The creation of Faegre Baker Daniels from the merger of Minneapolis law firm Faegre & Benson with an Indiana outfit will change all sorts of things, but one of them intrigued me in particular: what happened to Benson? The Faegre web site offered no hint of who Benson was.

Thomas G. Morgan, a partner at Faegre, responded to my query Thursday by sending a short posthumous biography of Benson by Norman R. Carpenter and a 1986 obituary (from my newspaper!). Morgan said it was his privilege to know both John B. "Bart " Faegre Sr. and John Cabot Benson personally, who, according to the info he provided, spent most of their professional lives together.

Benson, a native of Heron Lake, Minn., supposedly met Faegre in a violent way on the football field in 1909. Benson was playing for Hamline University, Faegre for the University of Minnesota. "John Benson remembered only receiving the kick-off in that game, he was tackled so energetically, supposedly by defensive end Faegre, that he was sidelined the rest of the afternoon," according to Carpenter's bio.

While in law school, Benson worked as a clerk at a Minneapolis firm called Cobb & Wheelwright. After getting his degree from the University of Minnesota, Benson went to Chicago to study that city's new legal aid program. In 1913, he founded a counterpart back home that became the Legal Aid Society of Minneapolis.

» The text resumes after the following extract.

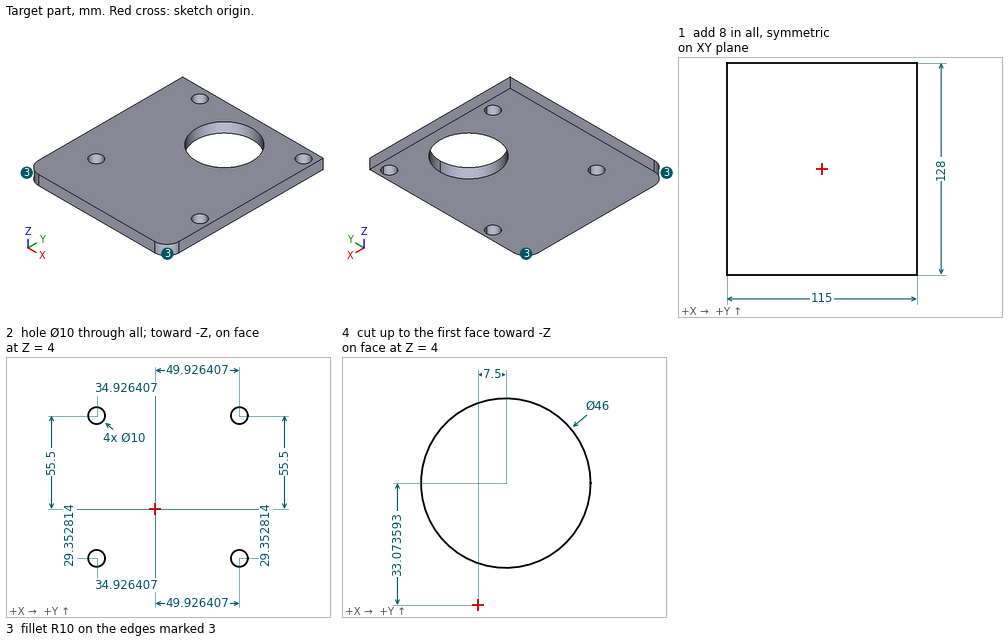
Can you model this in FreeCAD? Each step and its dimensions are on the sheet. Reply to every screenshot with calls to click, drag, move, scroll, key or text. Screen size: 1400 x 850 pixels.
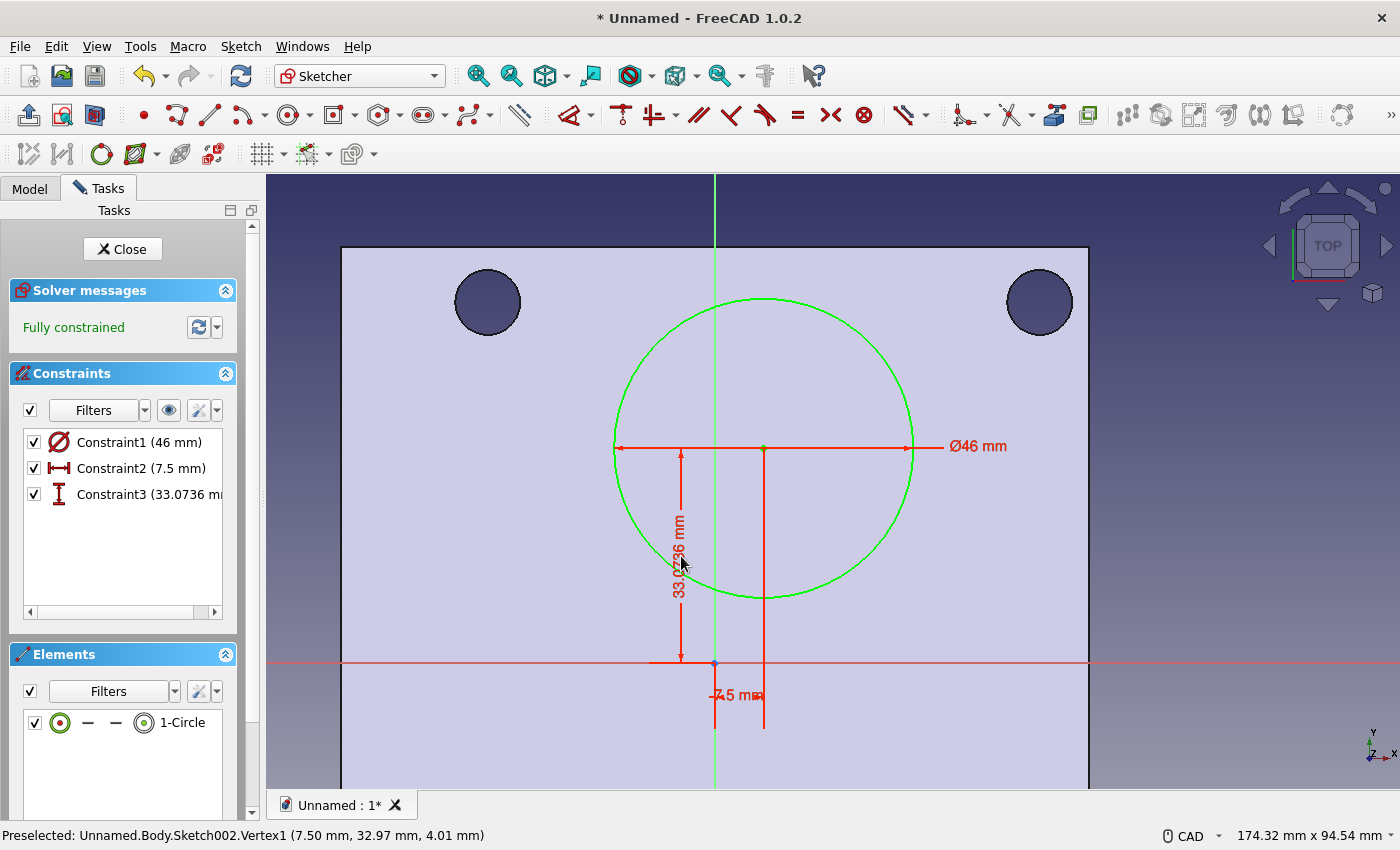
click(123, 249)

A year later, Benson went back to Cobb & Wheelwright, and got his name added at the end in 1919. The names of Cobb and Wheelwright were jettisoned and that firm became Faegre & Benson in 1941. No hard feelings from the football days prevented the two from practicing corporate law together for the next four decades. After a remarkable 69 years in the legal profession, Benson retired in 1980.

Faegre and Benson were so synchronized that they died 23 days apart in the fall of 1986. Faegre was 99. Benson was 96. For the next 25 years, their partnership lived on in the name of their firm, but business will be business, and Benson must go.